Gabinete de Conte recebe voto de confiança do Senado italiano, primeiro passo para começar a governar

terça-feira, junho 05, 2018
O governo de Giuseppe Conte, formado pelo antissistema Movimento Cinco Estrelas (M5S) e o partido de ultradireita Liga, obteve nesta terça-feira (5) o voto de confiança do Senado da Itália, que é o primeiro passo para governar efetivamente. O gabinete de Conte será submetido ao mesmo trâmite na Câmara dos Deputados nesta quarta.

O governo obteve 171 votos a favor, 117 contrários e 25 abstenções. Ele também deverá ser aprovado na Câmara, já que o M5S e a Liga contam com maioria absoluta.

Novato em política, o advogado de 53 anos enfrentou o Senado, onde fez seu primeiro discurso de política geral, antes de pedir a confiança do Parlamento. No discurso, defendeu com ardor a política "populista"que colocará em prática: luta contra o "negócio" da imigração, reativar o crescimento e a abertura para a Rússia.

"Se populismo significa ser capaz de ouvir as necessidades do povo, então nós o reivindicamos", afirmou Conte, que desde sexta-feira lidera o primeiro governo populista em um país fundador da União Europeia (UE). "Sou um cidadão que se declarou disposto a assumir esta responsabilidade de presidente do Conselho e a ser garantidor do contrato de mudança", declarou.

Não obstante, disse estar "consciente da responsabilidade que assumiu e bem consciente das prerrogativas que a Constituição atribui ao presidente do Conselho".

Sem surpresa, Conte confirmou os objetivos contidos no "contrato" de governo: redução dos impostos, luta contra a imigração clandestina, salário-cidadão (uma espécie de renda de inserção para os mais pobres) e a revisão de certas regras europeias, começando com o direito de refúgio previsto no acordo de Dublin, que deixa o essencial da carga de acolhida de migrantes aos países localizados na primeira linha, como a Itália.

Crise migratória

Durante o discurso, Conte insistiu em um sistema "automático" e "obrigatório" de repartição dos solicitantes de refúgio na Europa.

"Colocaremos fim ao 'negócio' da imigração, que aumentou descontroladamente sob pretexto de uma falsa solidariedade", afirmou, retomando a tese de Salvini, também ministro do Interior.

Em relação aos assuntos europeus, Conte afirmou que a colossal dívida italiana deve ser reduzida, favorecendo a criação de emprego, e não com medidas de austeridade, conforme os compromissos do M5E, ao qual é afim, e da Liga.

Ele não deu detalhes sobre o financiamento das medidas previstas no "contrato de governo", que poderiam representar alguns milhões de euros. Embora tenha confirmado a vontade do governo de instaurar uma "flat tax", imposto de 15% e 20%, não deu nenhuma data para sua implementação e do salário-cidadão.

O chefe de governo reafirmou o pertencimento da Itália à UE e sua vontade de abertura em relação à Rússia, embora tenha reforçado a adesão de seu país à Otan.

"A Europa é a nossa casa", disse Conte, acrescentando que quer uma "Europa mais forte, mas também mais justa".
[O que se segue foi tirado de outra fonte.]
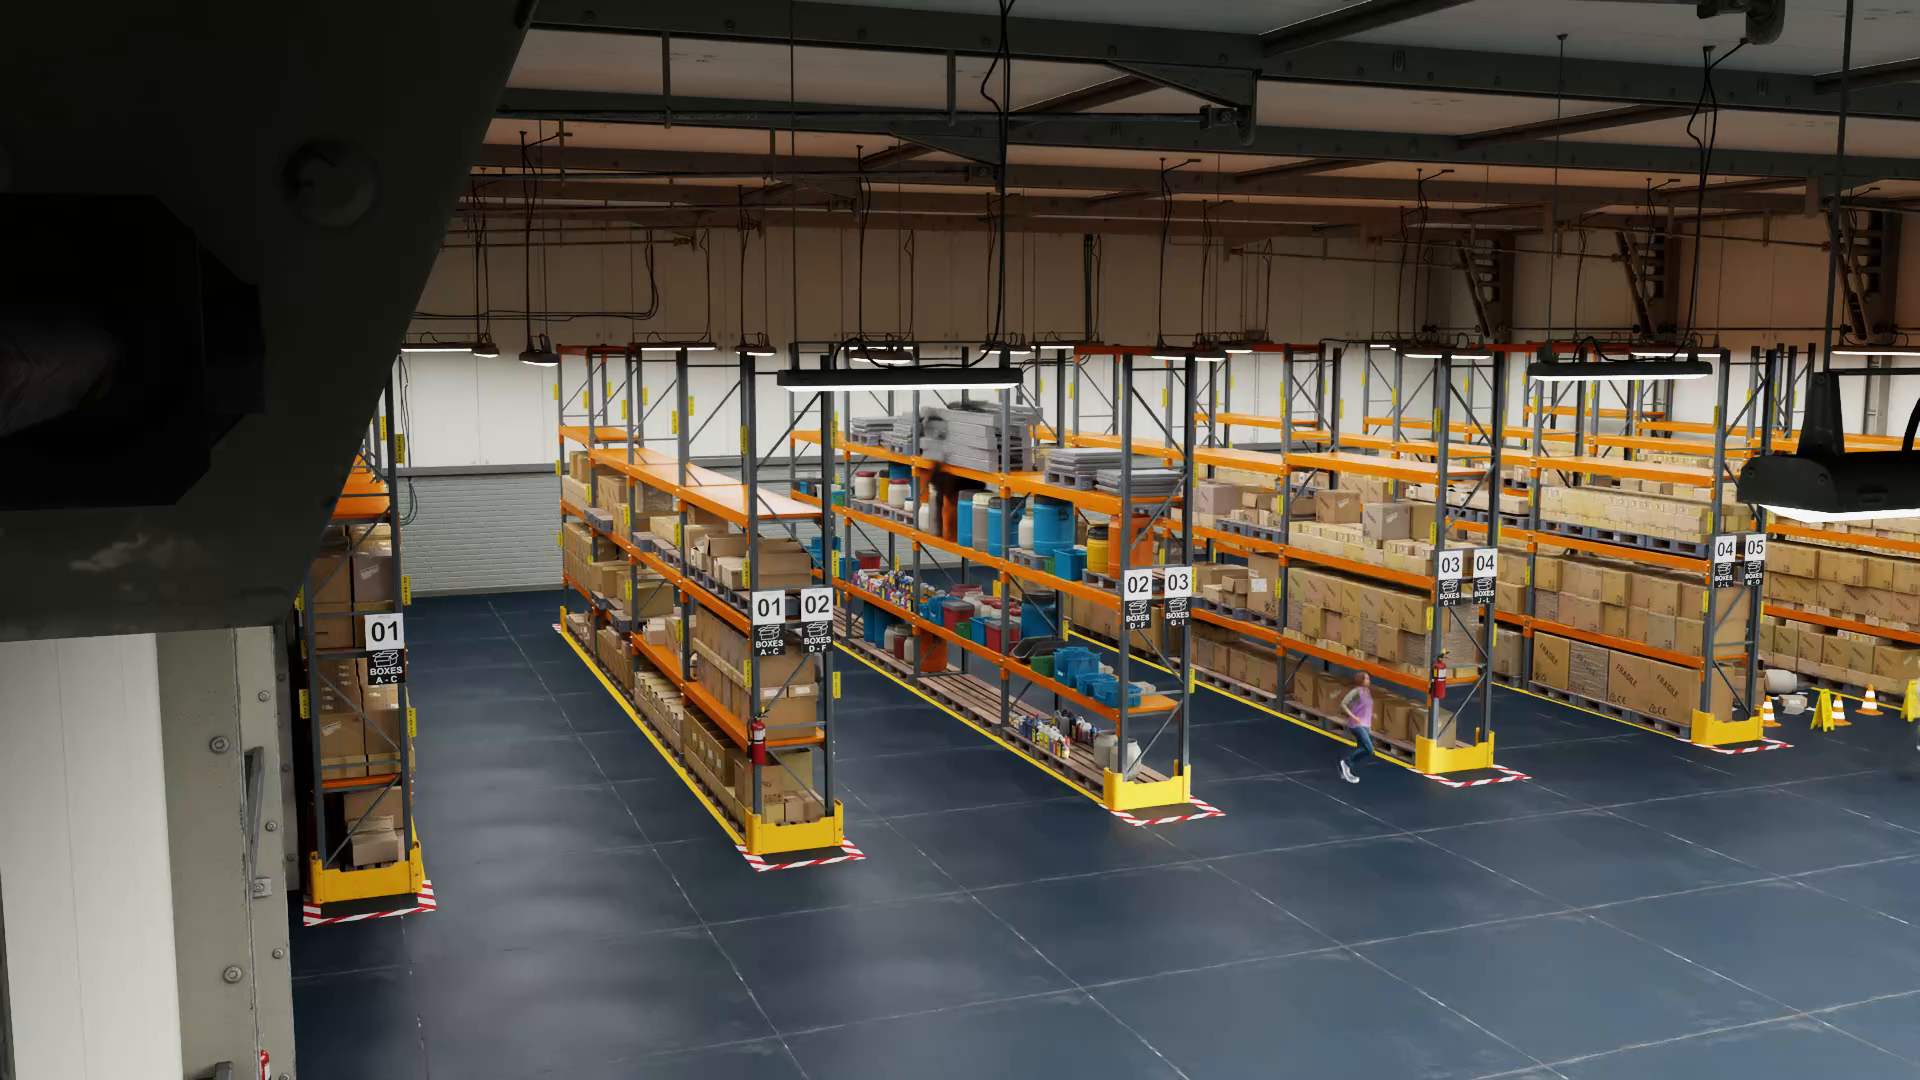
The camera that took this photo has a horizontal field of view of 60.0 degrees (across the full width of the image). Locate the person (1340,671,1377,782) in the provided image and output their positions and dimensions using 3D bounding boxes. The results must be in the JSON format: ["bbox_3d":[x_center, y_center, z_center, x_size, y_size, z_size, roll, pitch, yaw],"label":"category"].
[{"bbox_3d":[5.603,2.610,23.265,0.491,1.558,0.573,6,9,39],"label":"person"}]

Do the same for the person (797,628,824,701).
[{"bbox_3d":[-2.473,1.934,28.179,0.589,1.648,0.528,-3,8,-24],"label":"person"}]

"Seremos os promotores de uma revisão do sistema de sanções", disse aos senadores, 24 horas depois que o presidente russo, Vladimir Putin, desmentiu qualquer intenção de "desestabilizar ou dividir" a UE.

Conte deve ir ao Canadá para a sua primeira cúpula do G7, pelo qual a votação na Câmara dos Deputados, onde tudo indica que seu governo será referendado, acontecerá sem a sua presença.

Processo difícil

Depois de quase meses de negociações, com direito a idas e vindas inéditas mesmo para um país acostumado a crises políticas como a Itália, o M5S e o Liga chegaram a um acordo com o presidente Sergio Mattarella, que exigia garantias para a permanência do país na zona do euro.

Conte fez o juramento como primeiro-ministro perante o presidente na última sexta-feira, mas antes de governar deve receber os votos de confiança das duas casas.

Ele é visto como um advogado e professor sem experiência política, já que nunca ocupou cargo de administração pública. Seu currículo gerou polêmica depois que vários meios de comunicação informaram que ele não realizou alguns cursos que figuram no documento.